Note that there are many such "special" numbers that have this problem, not 
just 9007199254740992.0:
{code:scala}
scala> 1.7168917017330176e+16 + 1.0
val res2: Double = 1.7168917017330176E16

scala> 1.7168917017330176e+16 + 2.0
val res3: Double = 1.7168917017330178E16
{code}

> Sum of floats/doubles may be incorrect depending on partitioning
> ----------------------------------------------------------------
>
>                 Key: SPARK-47024
>                 URL: https://issues.apache.org/jira/browse/SPARK-47024
>             Project: Spark
>          Issue Type: Bug
>          Components: SQL
>    Affects Versions: 3.4.2, 3.5.0, 3.3.4
>            Reporter: Nicholas Chammas
>            Priority: Major
>              Labels: correctness
>
> I found this problem using 
> [Hypothesis|https://hypothesis.readthedocs.io/en/latest/].
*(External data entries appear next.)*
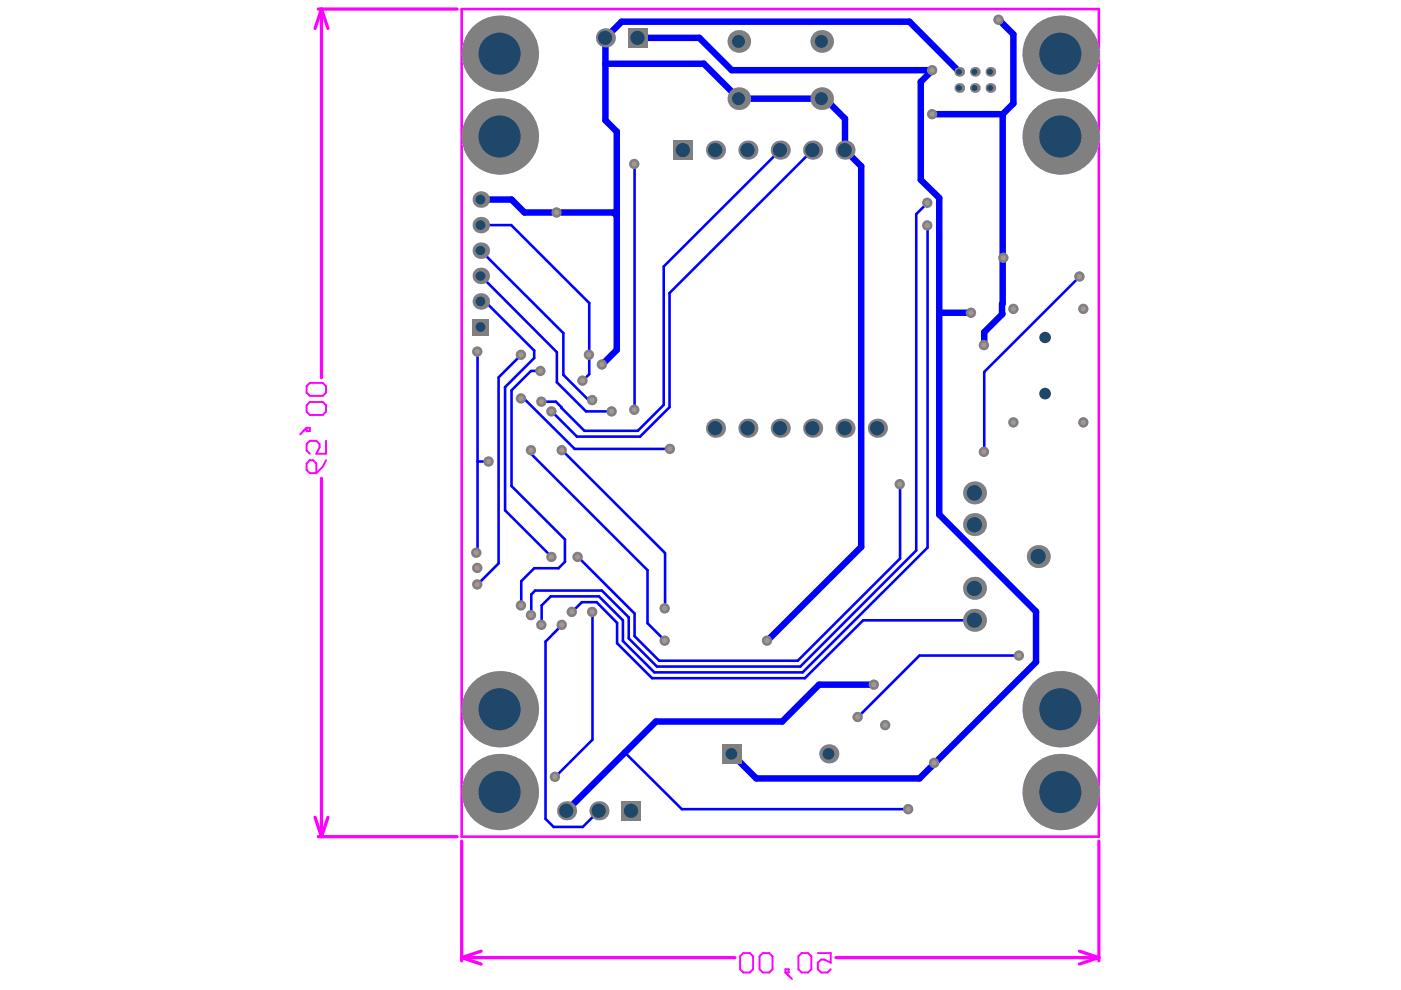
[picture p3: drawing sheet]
<svg xmlns="http://www.w3.org/2000/svg" width="297mm" height="210mm" viewBox="0 0 297 210" stroke-linecap="round" stroke-linejoin="round" font-family="sans-serif">
<g fill="none" stroke="#f0f" stroke-width=".69">
<path d="M67.5 1.9h29.4M68.2 1.9l-1.4 4.1M68.2 1.9l1.3 4.1M68.2 1.9v78.2M68.2 101.4v76M66.8 173.3l1.4 4.1M67.5 177.4h29.4M69.5 173.3l-1.3 4.1M97.9 178.4v25.3M233 178.4v25.3M97.9 203l4.1 1.4M97.9 203h57.9"/>
<path d="M102 201.7l-4.1 1.3M177.2 203h55.8M228.9 201.7l4.1 1.3M233 203l-4.1 1.4"/>
</g>
<path d="M97.9 1.9h135.1v175.5h-135.1z" fill="none" stroke="#f0f" stroke-width=".55"/>
<g fill="none" stroke="#f0f" stroke-width=".41">
<path d="M65 98.3l.7-.7h.7l.7 .7v2h-1.4l-.7-.7zM65 81.9l.7-.7h2.7l.7 .7v1.3l-.7 .7h-2.7l-.7-.7zM65 85.9l.7-.7h2.7l.7 .7v1.4l-.7 .7h-2.7l-.7-.7zM65 90.7h.7v.7h-.7zM65 90.7l-1.4 1.4M69.1 97.6l-.7 1.3-1.3 1.4M69.1 93.5v2.7h-2l.7-1.4v-.7l-.7-.6h-1.4l-.7 .6v1.4l.7 .7M156.9 202.8l.7-.7h1.4l.7 .7v2.7l-.7 .7h-1.4l-.7-.7zM161 202.8l.7-.7h1.4l.7 .7v2.7l-.7 .7h-1.4l-.7-.7zM166.5 205.5h.7v.7h-.7zM166.5 206.2l1.4 1.4M169.3 202.8l.7-.7h1.3l.7 .7v2.7l-.7 .7h-1.3l-.7-.7z"/>
<path d="M173.4 202.1h2.7v2l-1.3-.7h-.7l-.7 .7v1.4l.7 .7h1.4l.6-.7"/>
</g>
<g fill="#a6968d">
<circle cx="134.5" cy="86.9" r=".55"/>
<circle cx="134.5" cy="34.8" r=".55"/>
<circle cx="101" cy="117.2" r=".55"/>
<circle cx="101.2" cy="74.5" r=".55"/>
<circle cx="185.3" cy="145.2" r=".55"/>
<circle cx="142" cy="95.2" r=".55"/>
<circle cx="162.6" cy="135.8" r=".55"/>
<circle cx="192.5" cy="171.6" r=".55"/>
<circle cx="212.7" cy="54.7" r=".55"/>
<circle cx="208.6" cy="73.2" r=".55"/>
<circle cx="118" cy="45.1" r=".55"/>
<circle cx="190.8" cy="102.7" r=".55"/>
<circle cx="208.6" cy="95.8" r=".55"/>
<circle cx="122.5" cy="118.1" r=".55"/>
<circle cx="214.9" cy="89.6" r=".55"/>
<circle cx="214.9" cy="65.5" r=".55"/>
<circle cx="229.7" cy="65.5" r=".55"/>
<circle cx="229.7" cy="89.6" r=".55"/>
<circle cx="198" cy="161.8" r=".55"/>
<circle cx="205.9" cy="66.3" r=".55"/>
<circle cx="110.4" cy="75.2" r=".55"/>
<circle cx="101.2" cy="123.9" r=".55"/>
<circle cx="101.2" cy="120.4" r=".55"/>
<circle cx="119.1" cy="132.5" r=".55"/>
<circle cx="196.6" cy="47.8" r=".55"/>
<circle cx="196.6" cy="43" r=".55"/>
<circle cx="121.2" cy="129.7" r=".55"/>
<circle cx="125.5" cy="129.7" r=".55"/>
<circle cx="181.8" cy="152" r=".55"/>
<circle cx="116.9" cy="118.1" r=".55"/>
<circle cx="114.8" cy="132.5" r=".55"/>
<circle cx="112.6" cy="130.4" r=".55"/>
<circle cx="114.6" cy="78.7" r=".55"/>
<circle cx="110.4" cy="128.4" r=".55"/>
<circle cx="140.9" cy="135.8" r=".55"/>
<circle cx="140.9" cy="129" r=".55"/>
<circle cx="110.4" cy="84.5" r=".55"/>
<circle cx="112.6" cy="95.5" r=".55"/>
<circle cx="114.8" cy="85.2" r=".55"/>
<circle cx="116.9" cy="87.2" r=".55"/>
<circle cx="119.1" cy="95.5" r=".55"/>
<circle cx="129.7" cy="87.2" r=".55"/>
<circle cx="127.6" cy="77.3" r=".55"/>
<circle cx="125.5" cy="84.8" r=".55"/>
<circle cx="124.9" cy="75.2" r=".55"/>
<circle cx="123.5" cy="80.7" r=".55"/>
<circle cx="103.6" cy="97.9" r=".55"/>
<circle cx="117.7" cy="164.7" r=".55"/>
<circle cx="187.7" cy="153.7" r=".55"/>
<circle cx="216" cy="139" r=".55"/>
<circle cx="211.7" cy="4.2" r=".55"/>
<circle cx="197.6" cy="24.2" r=".55"/>
<circle cx="197.6" cy="14.9" r=".55"/>
<circle cx="228.9" cy="58.6" r=".55"/>
</g>
<path d="M128.4 13.5h20.8l7.4 7.4h18.3l4.3 4.3v6.6l3.4 3.4v80.8l-19.9 19.8M135.2 8h13.1l6.8 6.9h42.6l-2.5 2.5v20.7l3.9 3.9v67.1l20.6 20.6v10.7l-24.8 24.6h-34.5l-5.3-5.2M203.4 15.2l-10.6-10.6h-61l-3.4 3.4v17.5l2.4 2.4v46.3l-3.1 3.1M211.8 4.2l3.1 3.1v14.6l-2.3 2.3-.1 42.4-3.8 3.8v2.8M197.7 24.2h14.3M101.9 42.3h6.6l2.7 2.8h18.9l.7 .6M199.1 66.3h6.8M185.3 145.2h-11.6l-7.9 7.8h-26.7l-19 18.9" fill="none" stroke="#00f" stroke-width="1.4"/>
<g fill="none" stroke="#00f" stroke-width=".55">
<path d="M134.5 34.8v52.1M165.4 31.8l-24.7 24.7v29.4l-5.5 5.4h-11.3l-6-6.1h-3.1M172.3 31.8l-30.3 30.3v24.2l-6.3 6.3h-13.4l-5.3-5.4M101.9 53.1l17.5 17.5v8.9l5.4 5.3h.8M101.9 47.7h6.5l16.5 16.6v15l-1.3 1.4M101.9 58.5l16.2 16.2v6.4l6.1 6.1h5.5M196.7 47.8v68.3l-26.5 26.5h-31.5l-6.6-6.7v-4.4l-5.1-5.1h-10.2l-2 2v4.1M196.7 43l-2.4 2.4v71.3l-24.6 24.6h-30.4l-6-5.9v-4.5l-5.7-5.7h-14.1l-.9 .8v4.4M228.9 58.6l-20.2 20.3v16.9M101.2 74.5v42.5l-.2 .2M101.9 63.9h.9l10.5 10.4v1.6l-6.2 6.2v26.1l9.9 9.9M110.5 75.2l-4.8 4.8v39.5l-4.5 4.4"/>
<path d="M114.6 78.7h-2l-4.1 4.1v20.3l11.3 11.3v4.7l-1.4 1.4h-5.1l-2.8 2.7v5.2M101.2 97.9h2.5M110.5 84.5h.6l10.7 10.7h20.3M112.6 95.5v.8l24.7 24.6v11.2l3.7 3.7M119.2 95.5l21.8 21.8v11.7M190.8 102.7v15.7l-21.7 21.7h-29.3l-5.3-5.2v-4.8l-12-12M119.2 132.5l-3.5 3.5v37.6l1.7 1.7h6.2l3.4-3.4M121.3 129.7l2.1-2h3.1l4.3 4.4v4.3l7.4 7.4h32.4l12.4-12.3h23.6M125.6 129.7v27.1l-7.9 7.9M216.1 139h-21.2l-13 13M132.5 159.6l12.1 12h48"/>
</g>
<circle cx="134.5" cy="86.9" r="1.1" fill="#808080"/>
<circle cx="134.5" cy="86.9" r=".55" fill="#a6968d"/>
<circle cx="134.5" cy="34.8" r="1.1" fill="#808080"/>
<circle cx="134.5" cy="34.8" r=".55" fill="#a6968d"/>
<circle cx="101" cy="117.2" r="1.1" fill="#808080"/>
<circle cx="101" cy="117.2" r=".55" fill="#a6968d"/>
<circle cx="101.2" cy="74.5" r="1.1" fill="#808080"/>
<circle cx="101.2" cy="74.5" r=".55" fill="#a6968d"/>
<circle cx="185.3" cy="145.2" r="1.1" fill="#808080"/>
<circle cx="185.3" cy="145.2" r=".55" fill="#a6968d"/>
<circle cx="142" cy="95.2" r="1.1" fill="#808080"/>
<circle cx="142" cy="95.2" r=".55" fill="#a6968d"/>
<circle cx="162.6" cy="135.8" r="1.1" fill="#808080"/>
<circle cx="162.6" cy="135.8" r=".55" fill="#a6968d"/>
<circle cx="192.5" cy="171.6" r="1.1" fill="#808080"/>
<circle cx="192.5" cy="171.6" r=".55" fill="#a6968d"/>
<circle cx="212.7" cy="54.7" r="1.1" fill="#808080"/>
<circle cx="212.7" cy="54.7" r=".55" fill="#a6968d"/>
<circle cx="208.6" cy="73.2" r="1.1" fill="#808080"/>
<circle cx="208.6" cy="73.2" r=".55" fill="#a6968d"/>
<circle cx="118" cy="45.1" r="1.1" fill="#808080"/>
<circle cx="118" cy="45.1" r=".55" fill="#a6968d"/>
<circle cx="190.8" cy="102.7" r="1.1" fill="#808080"/>
<circle cx="190.8" cy="102.7" r=".55" fill="#a6968d"/>
<circle cx="208.6" cy="95.8" r="1.1" fill="#808080"/>
<circle cx="208.6" cy="95.8" r=".55" fill="#a6968d"/>
<circle cx="122.5" cy="118.1" r="1.1" fill="#808080"/>
<circle cx="122.5" cy="118.1" r=".55" fill="#a6968d"/>
<circle cx="214.9" cy="89.6" r="1.1" fill="#808080"/>
<circle cx="214.9" cy="89.6" r=".55" fill="#a6968d"/>
<circle cx="214.9" cy="65.5" r="1.1" fill="#808080"/>
<circle cx="214.9" cy="65.5" r=".55" fill="#a6968d"/>
<circle cx="229.7" cy="65.5" r="1.1" fill="#808080"/>
<circle cx="229.7" cy="65.5" r=".55" fill="#a6968d"/>
<circle cx="229.7" cy="89.6" r="1.1" fill="#808080"/>
<circle cx="229.7" cy="89.6" r=".55" fill="#a6968d"/>
<circle cx="198" cy="161.8" r="1.1" fill="#808080"/>
<circle cx="198" cy="161.8" r=".55" fill="#a6968d"/>
<circle cx="205.9" cy="66.3" r="1.1" fill="#808080"/>
<circle cx="205.9" cy="66.3" r=".55" fill="#a6968d"/>
<circle cx="110.4" cy="75.2" r="1.1" fill="#808080"/>
<circle cx="110.4" cy="75.2" r=".55" fill="#a6968d"/>
<circle cx="101.2" cy="123.9" r="1.1" fill="#808080"/>
<circle cx="101.2" cy="123.9" r=".55" fill="#a6968d"/>
<circle cx="101.2" cy="120.4" r="1.1" fill="#808080"/>
<circle cx="101.2" cy="120.4" r=".55" fill="#a6968d"/>
<circle cx="119.1" cy="132.5" r="1.1" fill="#808080"/>
<circle cx="119.1" cy="132.5" r=".55" fill="#a6968d"/>
<circle cx="196.6" cy="47.8" r="1.1" fill="#808080"/>
<circle cx="196.6" cy="47.8" r=".55" fill="#a6968d"/>
<circle cx="196.6" cy="43" r="1.1" fill="#808080"/>
<circle cx="196.6" cy="43" r=".55" fill="#a6968d"/>
<circle cx="121.2" cy="129.7" r="1.1" fill="#808080"/>
<circle cx="121.2" cy="129.7" r=".55" fill="#a6968d"/>
<circle cx="125.6" cy="129.7" r="1.1" fill="#808080"/>
<circle cx="125.5" cy="129.7" r=".55" fill="#a6968d"/>
<circle cx="181.8" cy="152" r="1.1" fill="#808080"/>
<circle cx="181.8" cy="152" r=".55" fill="#a6968d"/>
<circle cx="116.9" cy="118.1" r="1.1" fill="#808080"/>
<circle cx="116.9" cy="118.1" r=".55" fill="#a6968d"/>
<circle cx="114.8" cy="132.5" r="1.1" fill="#808080"/>
<circle cx="114.8" cy="132.5" r=".55" fill="#a6968d"/>
<circle cx="112.6" cy="130.4" r="1.1" fill="#808080"/>
<circle cx="112.6" cy="130.4" r=".55" fill="#a6968d"/>
<circle cx="114.6" cy="78.7" r="1.1" fill="#808080"/>
<circle cx="114.6" cy="78.7" r=".55" fill="#a6968d"/>
<circle cx="110.4" cy="128.4" r="1.1" fill="#808080"/>
<circle cx="110.4" cy="128.4" r=".55" fill="#a6968d"/>
<circle cx="140.9" cy="135.8" r="1.1" fill="#808080"/>
<circle cx="140.9" cy="135.8" r=".55" fill="#a6968d"/>
<circle cx="140.9" cy="129" r="1.1" fill="#808080"/>
<circle cx="140.9" cy="129" r=".55" fill="#a6968d"/>
<circle cx="110.4" cy="84.5" r="1.1" fill="#808080"/>
<circle cx="110.4" cy="84.5" r=".55" fill="#a6968d"/>
<circle cx="112.6" cy="95.5" r="1.1" fill="#808080"/>
<circle cx="112.6" cy="95.5" r=".55" fill="#a6968d"/>
<circle cx="114.8" cy="85.2" r="1.1" fill="#808080"/>
<circle cx="114.8" cy="85.2" r=".55" fill="#a6968d"/>
<circle cx="116.9" cy="87.2" r="1.1" fill="#808080"/>
<circle cx="116.9" cy="87.2" r=".55" fill="#a6968d"/>
<circle cx="119.1" cy="95.5" r="1.1" fill="#808080"/>
<circle cx="119.1" cy="95.5" r=".55" fill="#a6968d"/>
<circle cx="129.7" cy="87.2" r="1.1" fill="#808080"/>
<circle cx="129.7" cy="87.2" r=".55" fill="#a6968d"/>
<circle cx="127.6" cy="77.3" r="1.1" fill="#808080"/>
<circle cx="127.6" cy="77.3" r=".55" fill="#a6968d"/>
<circle cx="125.6" cy="84.8" r="1.1" fill="#808080"/>
<circle cx="125.5" cy="84.8" r=".55" fill="#a6968d"/>
<circle cx="124.9" cy="75.2" r="1.1" fill="#808080"/>
<circle cx="124.9" cy="75.2" r=".55" fill="#a6968d"/>
<circle cx="123.5" cy="80.7" r="1.1" fill="#808080"/>
<circle cx="123.5" cy="80.7" r=".55" fill="#a6968d"/>
<circle cx="103.6" cy="97.9" r="1.1" fill="#808080"/>
<circle cx="103.6" cy="97.9" r=".55" fill="#a6968d"/>
<circle cx="117.7" cy="164.7" r="1.1" fill="#808080"/>
<circle cx="117.7" cy="164.7" r=".55" fill="#a6968d"/>
<circle cx="187.7" cy="153.7" r="1.1" fill="#808080"/>
<circle cx="187.7" cy="153.7" r=".55" fill="#a6968d"/>
<circle cx="216" cy="139" r="1.1" fill="#808080"/>
<circle cx="216" cy="139" r=".55" fill="#a6968d"/>
<circle cx="211.7" cy="4.2" r="1.1" fill="#808080"/>
<circle cx="211.7" cy="4.2" r=".55" fill="#a6968d"/>
<circle cx="197.6" cy="24.2" r="1.1" fill="#808080"/>
<circle cx="197.6" cy="24.2" r=".55" fill="#a6968d"/>
<circle cx="197.6" cy="14.9" r="1.1" fill="#808080"/>
<circle cx="197.6" cy="14.9" r=".55" fill="#a6968d"/>
<circle cx="228.9" cy="58.6" r="1.1" fill="#808080"/>
<circle cx="228.9" cy="58.6" r=".55" fill="#a6968d"/>
<circle cx="203.4" cy="18.7" r="1.03" fill="#808080"/>
<circle cx="203.3" cy="18.7" r=".62" fill="#1f4769"/>
<circle cx="203.4" cy="15.2" r="1.03" fill="#808080"/>
<circle cx="203.3" cy="15.2" r=".62" fill="#1f4769"/>
<circle cx="186" cy="90.8" r="2.02" fill="#808080"/>
<circle cx="186" cy="90.8" r="1.51" fill="#1f4769"/>
<circle cx="158.6" cy="90.8" r="2.02" fill="#808080"/>
<circle cx="158.5" cy="90.8" r="1.51" fill="#1f4769"/>
<circle cx="120.1" cy="171.9" r="2.02" fill="#808080"/>
<circle cx="120.1" cy="171.9" r="1.51" fill="#1f4769"/>
<circle cx="175.7" cy="159.8" r="2.02" fill="#808080"/>
<circle cx="175.7" cy="159.8" r="1.24" fill="#1f4769"/>
<circle cx="158.6" cy="31.8" r="2.02" fill="#808080"/>
<circle cx="158.5" cy="31.8" r="1.51" fill="#1f4769"/>
<circle cx="221.7" cy="83.5" r=".82" fill="#808080"/>
<circle cx="221.6" cy="83.5" r="1.24" fill="#1f4769"/>
<circle cx="206.7" cy="18.7" r="1.03" fill="#808080"/>
<circle cx="206.6" cy="18.7" r=".62" fill="#1f4769"/>
<circle cx="210" cy="18.7" r="1.03" fill="#808080"/>
<circle cx="209.9" cy="18.7" r=".62" fill="#1f4769"/>
<path d="M133.2 6h4.1v4.1h-4.1z" fill-rule="evenodd" fill="#808080"/>
<circle cx="135.2" cy="8" r="1.51" fill="#1f4769"/>
<circle cx="128.4" cy="8" r="2.02" fill="#808080"/>
<circle cx="128.3" cy="8" r="1.51" fill="#1f4769"/>
<circle cx="221.7" cy="71.6" r=".82" fill="#808080"/>
<circle cx="221.6" cy="71.5" r="1.22" fill="#1f4769"/>
<circle cx="206.6" cy="131.5" r="2.44" fill="#808080"/>
<circle cx="206.6" cy="131.5" r="1.61" fill="#1f4769"/>
<circle cx="206.6" cy="124.7" r="2.44" fill="#808080"/>
<circle cx="206.6" cy="124.8" r="1.61" fill="#1f4769"/>
<circle cx="206.6" cy="104.5" r="2.44" fill="#808080"/>
<circle cx="206.6" cy="104.5" r="1.63" fill="#1f4769"/>
<circle cx="206.6" cy="111.2" r="2.44" fill="#808080"/>
<circle cx="206.6" cy="111.3" r="1.61" fill="#1f4769"/>
<circle cx="206.7" cy="15.2" r="1.03" fill="#808080"/>
<circle cx="206.6" cy="15.2" r=".62" fill="#1f4769"/>
<circle cx="210" cy="15.2" r="1.03" fill="#808080"/>
<circle cx="209.9" cy="15.2" r=".62" fill="#1f4769"/>
<circle cx="179.2" cy="90.8" r="2.02" fill="#808080"/>
<circle cx="179.1" cy="90.8" r="1.51" fill="#1f4769"/>
<circle cx="165.4" cy="90.8" r="2.02" fill="#808080"/>
<circle cx="165.4" cy="90.8" r="1.51" fill="#1f4769"/>
<circle cx="172.3" cy="90.8" r="2.02" fill="#808080"/>
<circle cx="172.2" cy="90.8" r="1.51" fill="#1f4769"/>
<circle cx="156.6" cy="20.9" r="2.4" fill="#808080"/>
<circle cx="156.6" cy="20.9" r="1.37" fill="#1f4769"/>
<path d="M131.8 169.9h4.1v4.1h-4.1z" fill-rule="evenodd" fill="#808080"/>
<circle cx="133.8" cy="171.9" r="1.51" fill="#1f4769"/>
<circle cx="127" cy="171.9" r="2.02" fill="#808080"/>
<circle cx="126.9" cy="171.9" r="1.51" fill="#1f4769"/>
<circle cx="101.9" cy="58.5" r="1.75" fill="#808080"/>
<circle cx="101.9" cy="58.5" r="1.02" fill="#1f4769"/>
<circle cx="101.9" cy="63.9" r="1.75" fill="#808080"/>
<circle cx="101.9" cy="63.9" r="1.03" fill="#1f4769"/>
<path d="M100.2 67.6h3.5v3.5h-3.5z" fill-rule="evenodd" fill="#808080"/>
<circle cx="101.9" cy="69.3" r="1.03" fill="#1f4769"/>
<circle cx="101.9" cy="47.7" r="1.75" fill="#808080"/>
<circle cx="101.9" cy="47.7" r="1.03" fill="#1f4769"/>
<circle cx="101.9" cy="42.3" r="1.75" fill="#808080"/>
<circle cx="101.9" cy="42.3" r="1.03" fill="#1f4769"/>
<circle cx="179.2" cy="31.8" r="2.02" fill="#808080"/>
<circle cx="179.1" cy="31.8" r="1.51" fill="#1f4769"/>
<circle cx="165.4" cy="31.8" r="2.02" fill="#808080"/>
<circle cx="165.4" cy="31.8" r="1.51" fill="#1f4769"/>
<circle cx="172.3" cy="31.8" r="2.02" fill="#808080"/>
<circle cx="172.2" cy="31.8" r="1.51" fill="#1f4769"/>
<circle cx="156.6" cy="8.8" r="2.4" fill="#808080"/>
<circle cx="156.6" cy="8.8" r="1.37" fill="#1f4769"/>
<path d="M142.8 29.8h4.1v4h-4.1z" fill-rule="evenodd" fill="#808080"/>
<circle cx="144.8" cy="31.8" r="1.51" fill="#1f4769"/>
<circle cx="101.9" cy="53.1" r="1.75" fill="#808080"/>
<circle cx="101.9" cy="53.1" r="1.02" fill="#1f4769"/>
<circle cx="224.9" cy="150.4" r="8.1" fill="#808080"/>
<circle cx="224.8" cy="150.4" r="4.5" fill="#1f4769"/>
<circle cx="174.2" cy="20.9" r="2.4" fill="#808080"/>
<circle cx="174.2" cy="20.9" r="1.37" fill="#1f4769"/>
<circle cx="106" cy="150.4" r="8.1" fill="#808080"/>
<circle cx="105.9" cy="150.4" r="4.5" fill="#1f4769"/>
<circle cx="151.7" cy="90.8" r="2.02" fill="#808080"/>
<circle cx="151.6" cy="90.8" r="1.51" fill="#1f4769"/>
<circle cx="220.1" cy="118" r="2.44" fill="#808080"/>
<circle cx="220.1" cy="118" r="1.61" fill="#1f4769"/>
<circle cx="224.9" cy="28.9" r="8.1" fill="#808080"/>
<circle cx="224.8" cy="28.9" r="4.5" fill="#1f4769"/>
<circle cx="224.9" cy="11.4" r="8.1" fill="#808080"/>
<circle cx="224.8" cy="11.4" r="4.5" fill="#1f4769"/>
<circle cx="174.2" cy="8.8" r="2.4" fill="#808080"/>
<circle cx="174.2" cy="8.8" r="1.37" fill="#1f4769"/>
<path d="M153.1 157.8h4.1v4.1h-4.1z" fill-rule="evenodd" fill="#808080"/>
<circle cx="155.1" cy="159.8" r="1.24" fill="#1f4769"/>
<circle cx="106" cy="28.9" r="8.1" fill="#808080"/>
<circle cx="105.9" cy="28.9" r="4.5" fill="#1f4769"/>
<circle cx="106" cy="11.4" r="8.1" fill="#808080"/>
<circle cx="105.9" cy="11.4" r="4.5" fill="#1f4769"/>
<circle cx="151.7" cy="31.8" r="2.02" fill="#808080"/>
<circle cx="151.6" cy="31.8" r="1.51" fill="#1f4769"/>
<circle cx="224.9" cy="167.9" r="8.1" fill="#808080"/>
<circle cx="224.8" cy="167.9" r="4.5" fill="#1f4769"/>
<circle cx="106" cy="167.9" r="8.1" fill="#808080"/>
<circle cx="105.9" cy="167.9" r="4.5" fill="#1f4769"/>
</svg>

> Here's a reproduction that fails on {{{}master{}}}, 3.5.0, 3.4.2, and 3.3.4 
> (and probably all prior versions as well):
> {code:python}
> from pyspark.sql import SparkSession
> from pyspark.sql.functions import col, sum
> SUM_EXAMPLE = [
>     (1.0,),
>     (0.0,),
>     (1.0,),
>     (9007199254740992.0,),
> ]
> spark = (
>     SparkSession.builder
>     .config("spark.log.level", "ERROR")
>     .getOrCreate()
> )
> def compare_sums(data, num_partitions):
>     df = spark.createDataFrame(data, "val double").coalesce(1)
>     result1 = df.agg(sum(col("val"))).collect()[0][0]
>     df = spark.createDataFrame(data, "val double").repartition(num_partitions)
>     result2 = df.agg(sum(col("val"))).collect()[0][0]
>     assert result1 == result2, f"{result1}, {result2}"
> if __name__ == "__main__":
>     print(compare_sums(SUM_EXAMPLE, 2))
> {code}
> This fails as follows:
> {code:python}
> AssertionError: 9007199254740994.0, 9007199254740992.0
> {code}
> I suspected some kind of problem related to code generation, so tried setting 
> all of these to {{{}false{}}}:
>  * {{spark.sql.codegen.wholeStage}}
>  * {{spark.sql.codegen.aggregate.map.twolevel.enabled}}
>  * {{spark.sql.codegen.aggregate.splitAggregateFunc.enabled}}
> But this did not change the behavior.
> Somehow, the partitioning of the data affects the computed sum.